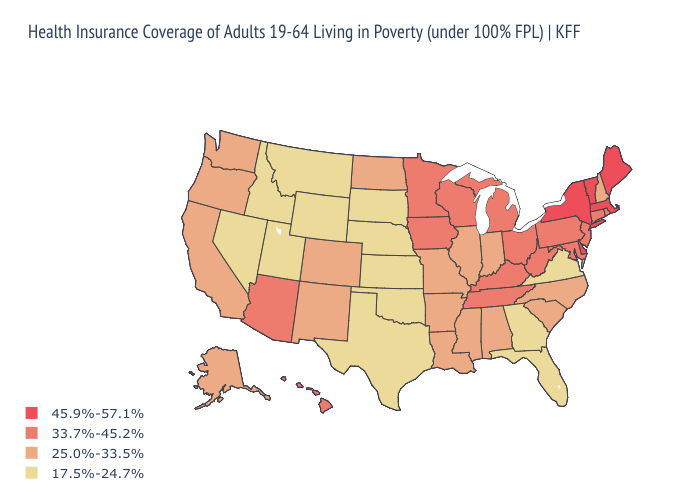What is the lowest value in the USA?
Quick response, please. 17.5%-24.7%. Among the states that border North Dakota , which have the lowest value?
Write a very short answer. Montana, South Dakota. Which states have the highest value in the USA?
Give a very brief answer. Delaware, Maine, Massachusetts, New York, Vermont. Name the states that have a value in the range 17.5%-24.7%?
Be succinct. Florida, Georgia, Idaho, Kansas, Montana, Nebraska, Nevada, Oklahoma, South Dakota, Texas, Utah, Virginia, Wyoming. Name the states that have a value in the range 45.9%-57.1%?
Answer briefly. Delaware, Maine, Massachusetts, New York, Vermont. Name the states that have a value in the range 17.5%-24.7%?
Short answer required. Florida, Georgia, Idaho, Kansas, Montana, Nebraska, Nevada, Oklahoma, South Dakota, Texas, Utah, Virginia, Wyoming. Name the states that have a value in the range 33.7%-45.2%?
Keep it brief. Arizona, Connecticut, Hawaii, Iowa, Kentucky, Maryland, Michigan, Minnesota, New Jersey, Ohio, Pennsylvania, Rhode Island, Tennessee, West Virginia, Wisconsin. What is the value of Texas?
Concise answer only. 17.5%-24.7%. Name the states that have a value in the range 17.5%-24.7%?
Give a very brief answer. Florida, Georgia, Idaho, Kansas, Montana, Nebraska, Nevada, Oklahoma, South Dakota, Texas, Utah, Virginia, Wyoming. Which states have the lowest value in the USA?
Keep it brief. Florida, Georgia, Idaho, Kansas, Montana, Nebraska, Nevada, Oklahoma, South Dakota, Texas, Utah, Virginia, Wyoming. What is the value of Montana?
Be succinct. 17.5%-24.7%. Among the states that border Arizona , which have the highest value?
Short answer required. California, Colorado, New Mexico. What is the lowest value in states that border Wisconsin?
Answer briefly. 25.0%-33.5%. What is the value of Illinois?
Short answer required. 25.0%-33.5%. Does Indiana have the highest value in the USA?
Answer briefly. No.
++++++++++++++++++++
§ Problem to work on: Quote exactly the line containing "Be succinct. 17.5%-24.7%." and every later line through the end of the listing, and no other lines.

§ Problem solution:
Be succinct. 17.5%-24.7%. Among the states that border Arizona , which have the highest value?
Short answer required. California, Colorado, New Mexico. What is the lowest value in states that border Wisconsin?
Answer briefly. 25.0%-33.5%. What is the value of Illinois?
Short answer required. 25.0%-33.5%. Does Indiana have the highest value in the USA?
Answer briefly. No.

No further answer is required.